■ **Task brief**
Please keep to the lines below from the one with "table_cell een overige" through the one with "1066, 850, 1210]", and restate them word for word, ends included.

Material supplied below:

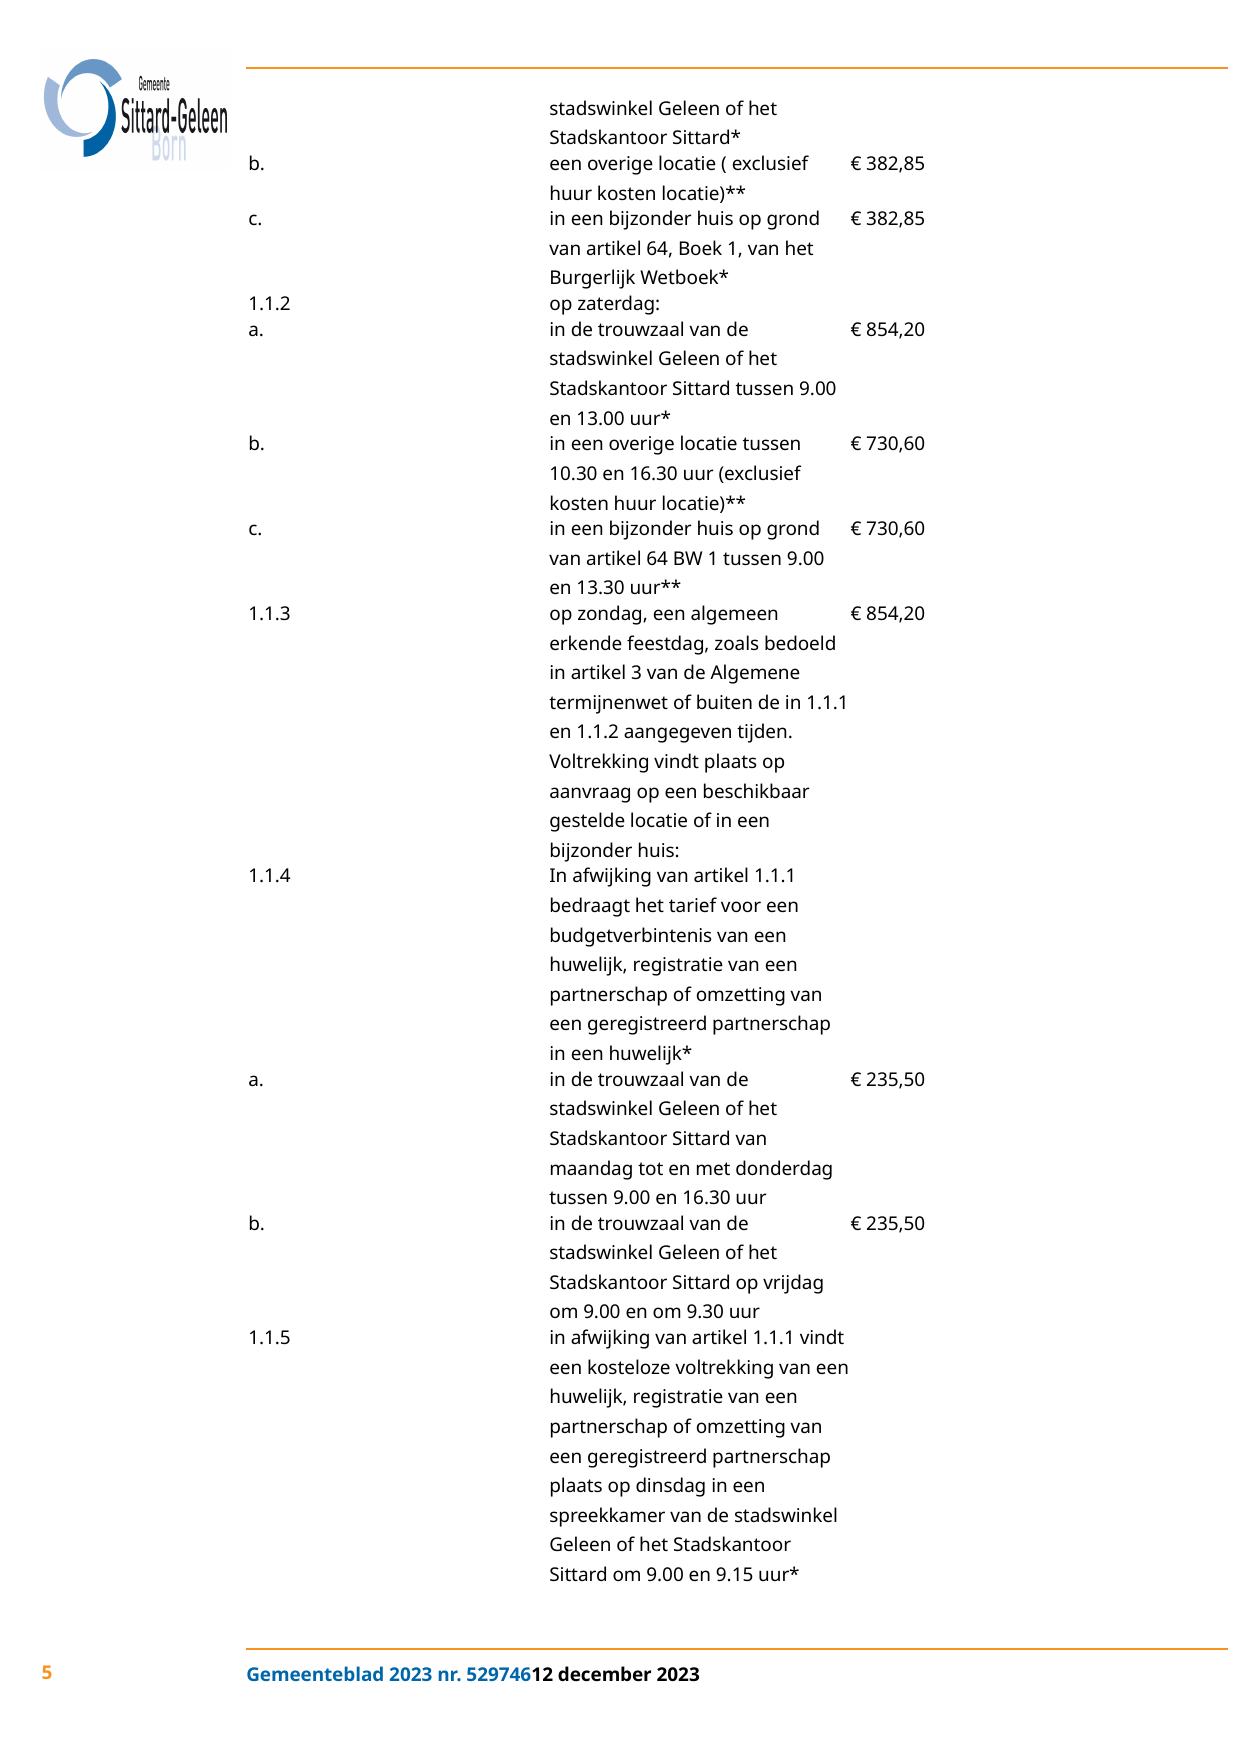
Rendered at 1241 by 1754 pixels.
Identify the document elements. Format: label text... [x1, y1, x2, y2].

table_cell c. [248, 205, 549, 290]
table_cell € 854,20 [850, 600, 1152, 863]
table_cell [850, 290, 1152, 316]
table_cell in een bijzonder huis op grond van artikel 64, Boek 1, van het Burgerlijk Wetboek* [549, 205, 850, 290]
table_cell een overige locatie ( exclusief huur kosten locatie)** [549, 150, 850, 205]
table_cell b. [248, 1210, 549, 1324]
table_cell € 854,20 [850, 316, 1152, 431]
table_cell € 235,50 [850, 1066, 1152, 1210]
table_cell € 730,60 [850, 515, 1152, 600]
table_cell In afwijking van artikel 1.1.1 bedraagt het tarief voor een budgetverbintenis van een huwelijk, registratie van een partnerschap of omzetting van een geregistreerd partnerschap in een huwelijk* [549, 863, 850, 1066]
table_cell in de trouwzaal van de stadswinkel Geleen of het Stadskantoor Sittard van maandag tot en met donderdag tussen 9.00 en 16.30 uur [549, 1066, 850, 1210]
table_cell op zondag, een algemeen erkende feestdag, zoals bedoeld in artikel 3 van de Algemene termijnenwet of buiten de in 1.1.1 en 1.1.2 aangegeven tijden. Voltrekking vindt plaats op aanvraag op een beschikbaar gestelde locatie of in een bijzonder huis: [549, 600, 850, 863]
table_cell 1.1.4 [248, 863, 549, 1066]
table_cell in een overige locatie tussen 10.30 en 16.30 uur (exclusief kosten huur locatie)** [549, 431, 850, 515]
table_cell b. [248, 431, 549, 515]
table_cell € 382,85 [850, 150, 1152, 205]
table_cell a. [248, 316, 549, 431]
table_cell [850, 95, 1152, 150]
table_cell in een bijzonder huis op grond van artikel 64 BW 1 tussen 9.00 en 13.30 uur** [549, 515, 850, 600]
table_cell b. [248, 150, 549, 205]
table_cell a. [248, 1066, 549, 1210]
table_cell € 382,85 [850, 205, 1152, 290]
table_cell € 730,60 [850, 431, 1152, 515]
table_cell op zaterdag: [549, 290, 850, 316]
table_cell € 235,50 [850, 1210, 1152, 1324]
table_cell 1.1.3 [248, 600, 549, 863]
table_cell in de trouwzaal van de stadswinkel Geleen of het Stadskantoor Sittard op vrijdag om 9.00 en om 9.30 uur [549, 1210, 850, 1324]
picture [41, 47, 231, 172]
table_cell [850, 863, 1152, 1066]
table_cell [850, 1325, 1152, 1587]
table_cell in de trouwzaal van de stadswinkel Geleen of het Stadskantoor Sittard tussen 9.00 en 13.00 uur* [549, 316, 850, 431]
table_cell 1.1.5 [248, 1325, 549, 1587]
table_cell in afwijking van artikel 1.1.1 vindt een kosteloze voltrekking van een huwelijk, registratie van een partnerschap of omzetting van een geregistreerd partnerschap plaats op dinsdag in een spreekkamer van de stadswinkel Geleen of het Stadskantoor Sittard om 9.00 en 9.15 uur* [549, 1325, 850, 1587]
table_cell c. [248, 515, 549, 600]
table_cell 1.1.2 [248, 290, 549, 316]
table_cell [248, 95, 549, 150]
table_cell stadswinkel Geleen of het Stadskantoor Sittard* [549, 95, 850, 150]

End of Material supplied.

■ **Solution to this problem**
table_cell een overige locatie ( exclusief huur kosten locatie)** [549, 150, 850, 205]
table_cell b. [248, 1210, 549, 1324]
table_cell € 854,20 [850, 316, 1152, 431]
table_cell € 235,50 [850, 1066, 1152, 1210]
table_cell € 730,60 [850, 515, 1152, 600]
table_cell In afwijking van artikel 1.1.1 bedraagt het tarief voor een budgetverbintenis van een huwelijk, registratie van een partnerschap of omzetting van een geregistreerd partnerschap in een huwelijk* [549, 863, 850, 1066]
table_cell in de trouwzaal van de stadswinkel Geleen of het Stadskantoor Sittard van maandag tot en met donderdag tussen 9.00 en 16.30 uur [549, 1066, 850, 1210]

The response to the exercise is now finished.